A total of 3,452 papers were initially accessed from various electronic database searches and digital library catalogues, however 2,665 research had to be eliminated since they were duplicates. The remaining articles’ titles and abstracts were then evaluated, and 504 studies were reviewed and removed because they were not germane to the study. On the basis of the established inclusion and exclusion criteria, the eligibility of the remaining five (5) full-text publications was assessed. From snowballing through references of eligible articles, one (1) study was further assessed and included. Thus, in the final analysis, only the six papers that met the eligibility requirements were included (Fig. 1).

Fig. 1
figure 1

PRISMA flow of the search strategy

Overview of included studies

Of the 6 studies retained in the final review, two (2) were qualitative, two (2) were mixed methods and two (2) were cross-sectional. The studies were carried out in the following Provinces of Zambia: Southern (2), Central (2), Eastern (1), North-Western, as well as in Lusaka (2) and Copperbelt (1) while two used national-level data from the Zambia Demographic and Health Surveys (ZDHS). All the six studies in the provinces showed high quality ranging from lowest 54.7% [20] and 76.2% [21] (Table 2). Guided by Wado et al.’s [21] study, all the five did not have explicit theoretical frameworks. Additionally, all the six studies did not provide any justification for the choice of data collection tools and all the quantitative and mixed methods studies did not assess statistical reliability and validity of the tools, which could be due to the use of secondary data for some of the studies [21, 22]. Such studies did not select the data collection tools and conducted their own data collection. With the exception of Svanemyr’s [23] study, all the other studies did not have user involvement in the study’s design.

Table 2 Quality assessment of included studies using the QATSDD

Prevalence of adolescent pregnancy in Zambia

The prevalence of adolescent pregnancy ranged from 29% in the study using the 2014 ZDHS [21] to 48% in a study in Petauke, Chadiza, and Katete districts in Eastern province [24]. Additionally, prevalence of adolescent motherhood ranged from 20.81% in the Zambezi district, North-Western province [26] to 23.1% in the study using 2014 ZDHS data [22].

The prevalence of adolescent pregnancy in Zambia continues on an upward trajectory according to Zambia’s recent Demographic and Health Surveys.
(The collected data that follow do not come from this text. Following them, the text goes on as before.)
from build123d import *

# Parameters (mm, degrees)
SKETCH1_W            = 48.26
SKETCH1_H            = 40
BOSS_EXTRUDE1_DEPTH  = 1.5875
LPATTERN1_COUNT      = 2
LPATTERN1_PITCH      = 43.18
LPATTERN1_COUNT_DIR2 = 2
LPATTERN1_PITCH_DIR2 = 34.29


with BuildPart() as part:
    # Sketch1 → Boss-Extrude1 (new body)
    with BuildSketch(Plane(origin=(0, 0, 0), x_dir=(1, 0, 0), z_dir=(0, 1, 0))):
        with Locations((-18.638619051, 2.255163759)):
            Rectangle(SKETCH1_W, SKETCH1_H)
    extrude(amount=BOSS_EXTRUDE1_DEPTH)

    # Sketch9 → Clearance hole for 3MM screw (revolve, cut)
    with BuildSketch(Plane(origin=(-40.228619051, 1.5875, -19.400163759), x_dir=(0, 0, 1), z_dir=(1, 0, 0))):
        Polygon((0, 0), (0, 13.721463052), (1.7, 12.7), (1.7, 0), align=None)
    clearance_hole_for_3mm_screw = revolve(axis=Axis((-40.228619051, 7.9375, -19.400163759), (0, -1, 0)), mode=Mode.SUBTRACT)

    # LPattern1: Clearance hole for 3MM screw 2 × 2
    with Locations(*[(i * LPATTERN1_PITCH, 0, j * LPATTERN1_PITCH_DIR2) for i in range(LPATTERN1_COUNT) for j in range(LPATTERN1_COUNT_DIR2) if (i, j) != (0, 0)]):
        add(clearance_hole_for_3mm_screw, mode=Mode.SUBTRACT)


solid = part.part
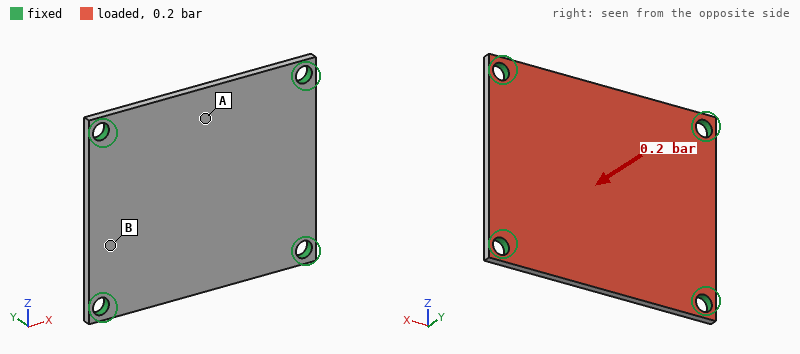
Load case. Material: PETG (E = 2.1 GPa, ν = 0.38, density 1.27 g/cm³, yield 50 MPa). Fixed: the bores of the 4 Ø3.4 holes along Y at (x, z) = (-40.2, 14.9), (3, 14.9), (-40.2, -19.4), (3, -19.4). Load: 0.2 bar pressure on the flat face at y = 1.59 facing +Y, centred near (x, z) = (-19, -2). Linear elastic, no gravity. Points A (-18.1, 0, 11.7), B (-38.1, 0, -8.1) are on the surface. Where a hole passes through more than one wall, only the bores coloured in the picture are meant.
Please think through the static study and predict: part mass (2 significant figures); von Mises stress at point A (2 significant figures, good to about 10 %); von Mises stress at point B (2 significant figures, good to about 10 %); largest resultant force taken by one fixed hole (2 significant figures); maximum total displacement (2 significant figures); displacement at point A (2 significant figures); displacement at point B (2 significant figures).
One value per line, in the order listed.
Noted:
3.8 g
4.0 MPa
2.1 MPa
9.5 N
0.39 mm
0.32 mm
0.12 mm
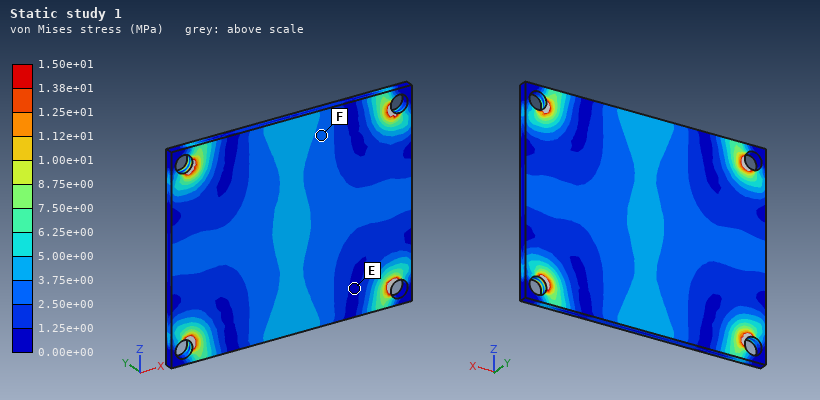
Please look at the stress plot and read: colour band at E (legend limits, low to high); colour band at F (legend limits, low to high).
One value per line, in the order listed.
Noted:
0.00e+00 to 1.25e+00 MPa
2.50e+00 to 3.75e+00 MPa
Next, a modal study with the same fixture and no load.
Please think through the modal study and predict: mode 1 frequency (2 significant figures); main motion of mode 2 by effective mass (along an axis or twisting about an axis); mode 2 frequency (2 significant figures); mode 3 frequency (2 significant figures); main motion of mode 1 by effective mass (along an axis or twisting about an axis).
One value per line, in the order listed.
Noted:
950 Hz
twisting about X
1500 Hz
2000 Hz
along Y
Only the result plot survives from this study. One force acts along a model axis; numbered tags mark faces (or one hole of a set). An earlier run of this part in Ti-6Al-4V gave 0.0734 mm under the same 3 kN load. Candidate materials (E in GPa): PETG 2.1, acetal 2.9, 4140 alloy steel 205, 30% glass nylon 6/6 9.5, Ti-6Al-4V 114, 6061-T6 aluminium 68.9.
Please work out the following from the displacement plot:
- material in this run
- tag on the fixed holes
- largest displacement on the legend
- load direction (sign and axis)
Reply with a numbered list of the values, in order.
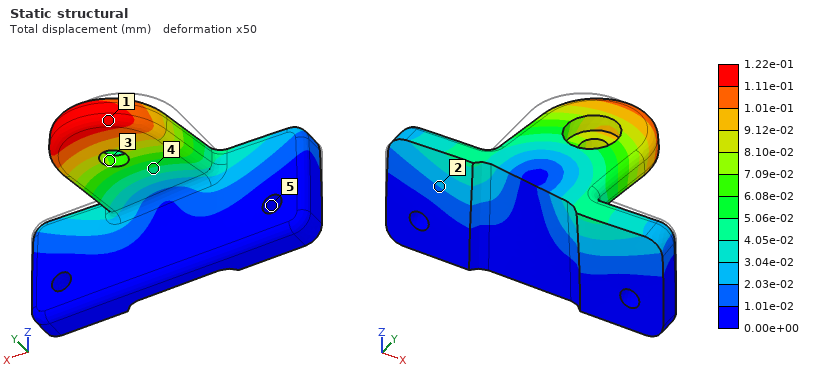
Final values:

For instance, the total adolescent pregnancy rate declined from 33.8% in 1992 to 30.7% in 1996, then increased to 31.6% in 2002. Table 3 shows an increase from 28.5% in 2014 to 29.2% in 2018 [10]. The Southern (42.5%), Western (41.2%), Eastern (39.5%), North Western (35.7%), and Central (30.6%) provinces recorded higher prevalence than the national average [10].

Table 3 Teenagers pregnancy or childbearing in Zambia 1992–2018

Prevalence was also observed to be positively correlated with increasing age, occasioning a distinct possibility of increasing vulnerability to risky sexual behaviours on the part of adolescents [1]. We observed a high prevalence among those in rural areas compared to those in urban areas which is indicative of rural–urban disparities from 1992 to 2018. Adolescents in urban areas may have access to improve economic opportunities and social services including SRH services and information compared to those in rural settings.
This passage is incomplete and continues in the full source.